Conversion Price; Adjustment for Issuance of Shares at Less
Than the Fair Market Value . The " Conversion
Price " shall equal the Fair Market Value (as defined
below) of the Common Stock on the date of such Recapitalization or
Change of Control, as the case may be. However, if Maker has
issued (such date of issuance, the " Stock Issue Date
") any Additional Common Stock (as defined below) for a
consideration per share less than the Fair Market Value on the date
of such conversion, then (subject to Sections 6 , 7 ,
8 and 9 below) the Conversion Price shall equal the
lowest price per share at which any such shares of Additional
Common Stock were issued. In the case of Additional Common
Stock issued without consideration, the Conversion Price shall be
reduced to an amount, and the number of shares issued upon such
conversion shall be increased in an amount, so as to maintain for
the Payee the right to convert this Note into shares of Common
Stock equal in amount to the same percentage interest in the Common
Stock of the Company as this Note was convertible immediately
preceding the Stock Issue Date.
6.
Sale of Shares . In case of the issuance of
Additional Common Stock for a consideration part or all of which
shall be cash, the amount of the cash consideration therefor shall
be deemed to be the gross amount of the cash paid to Maker for such
shares, before deducting any underwriting compensation or discount
in the sale, underwriting or purchase thereof by underwriters or
dealers or others performing similar services or for any expenses
incurred in connection therewith.
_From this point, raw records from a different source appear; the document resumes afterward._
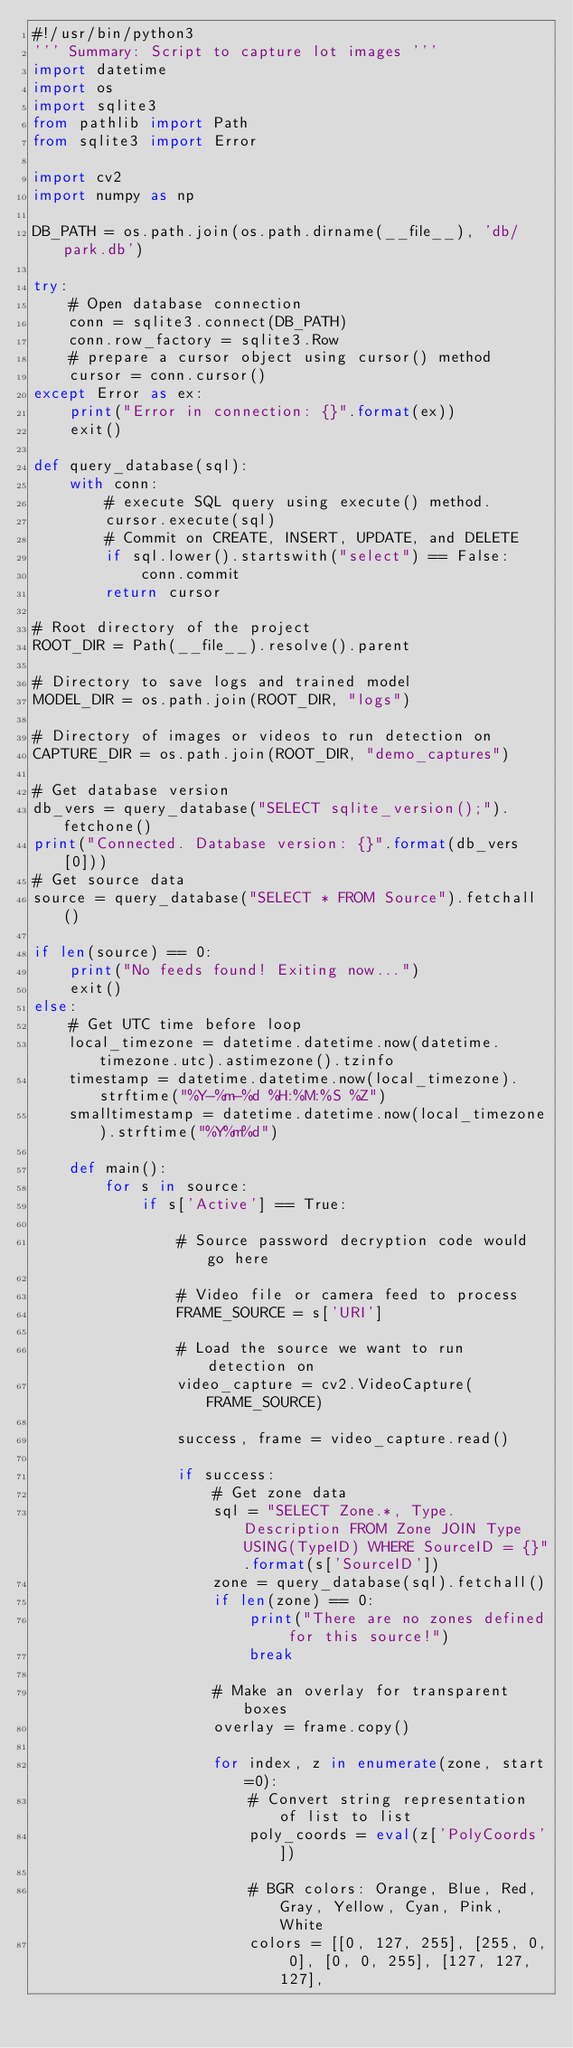Convert code to text. <code><loc_0><loc_0><loc_500><loc_500><_Python_>#!/usr/bin/python3
''' Summary: Script to capture lot images '''
import datetime
import os
import sqlite3
from pathlib import Path
from sqlite3 import Error

import cv2
import numpy as np

DB_PATH = os.path.join(os.path.dirname(__file__), 'db/park.db')

try:
    # Open database connection
    conn = sqlite3.connect(DB_PATH)
    conn.row_factory = sqlite3.Row
    # prepare a cursor object using cursor() method
    cursor = conn.cursor()
except Error as ex:
    print("Error in connection: {}".format(ex))
    exit()

def query_database(sql):
    with conn:
        # execute SQL query using execute() method.
        cursor.execute(sql)
        # Commit on CREATE, INSERT, UPDATE, and DELETE
        if sql.lower().startswith("select") == False:
            conn.commit
        return cursor

# Root directory of the project
ROOT_DIR = Path(__file__).resolve().parent

# Directory to save logs and trained model
MODEL_DIR = os.path.join(ROOT_DIR, "logs")

# Directory of images or videos to run detection on
CAPTURE_DIR = os.path.join(ROOT_DIR, "demo_captures")

# Get database version
db_vers = query_database("SELECT sqlite_version();").fetchone()
print("Connected. Database version: {}".format(db_vers[0]))
# Get source data
source = query_database("SELECT * FROM Source").fetchall()

if len(source) == 0:
    print("No feeds found! Exiting now...")
    exit()
else:
    # Get UTC time before loop
    local_timezone = datetime.datetime.now(datetime.timezone.utc).astimezone().tzinfo
    timestamp = datetime.datetime.now(local_timezone).strftime("%Y-%m-%d %H:%M:%S %Z")
    smalltimestamp = datetime.datetime.now(local_timezone).strftime("%Y%m%d")

    def main():
        for s in source:
            if s['Active'] == True:

                # Source password decryption code would go here

                # Video file or camera feed to process
                FRAME_SOURCE = s['URI']

                # Load the source we want to run detection on
                video_capture = cv2.VideoCapture(FRAME_SOURCE)

                success, frame = video_capture.read()

                if success:
                    # Get zone data
                    sql = "SELECT Zone.*, Type.Description FROM Zone JOIN Type USING(TypeID) WHERE SourceID = {}".format(s['SourceID'])
                    zone = query_database(sql).fetchall()
                    if len(zone) == 0:
                        print("There are no zones defined for this source!")
                        break

                    # Make an overlay for transparent boxes
                    overlay = frame.copy()

                    for index, z in enumerate(zone, start=0):
                        # Convert string representation of list to list
                        poly_coords = eval(z['PolyCoords'])

                        # BGR colors: Orange, Blue, Red, Gray, Yellow, Cyan, Pink, White
                        colors = [[0, 127, 255], [255, 0, 0], [0, 0, 255], [127, 127, 127],</code>

In case of the issuance of
any shares of Additional Common Stock for a consideration part or
all of which shall be other than cash, the amount of the
consideration therefor, other than cash, shall be deemed to be the
then fair market value of the property received, as determined in
good faith by Maker’s Board of Directors.
7.
Stock Dividends . Shares of Common Stock issued as
a dividend or other distribution on any class of capital stock of
Maker shall be deemed to have been issued without
consideration.
8.
Stock Splits, Subdivisions or Combinations . In the
event of a stock split or subdivision of shares of Common Stock
into a greater number of shares, the Conversion Price shall be
proportionately decreased, and in the event of a combination of
shares of Common Stock into a smaller number of shares, the
Conversion Price shall be proportionately increased, such increase
or decrease, as the case may be, becoming effective at the record
date.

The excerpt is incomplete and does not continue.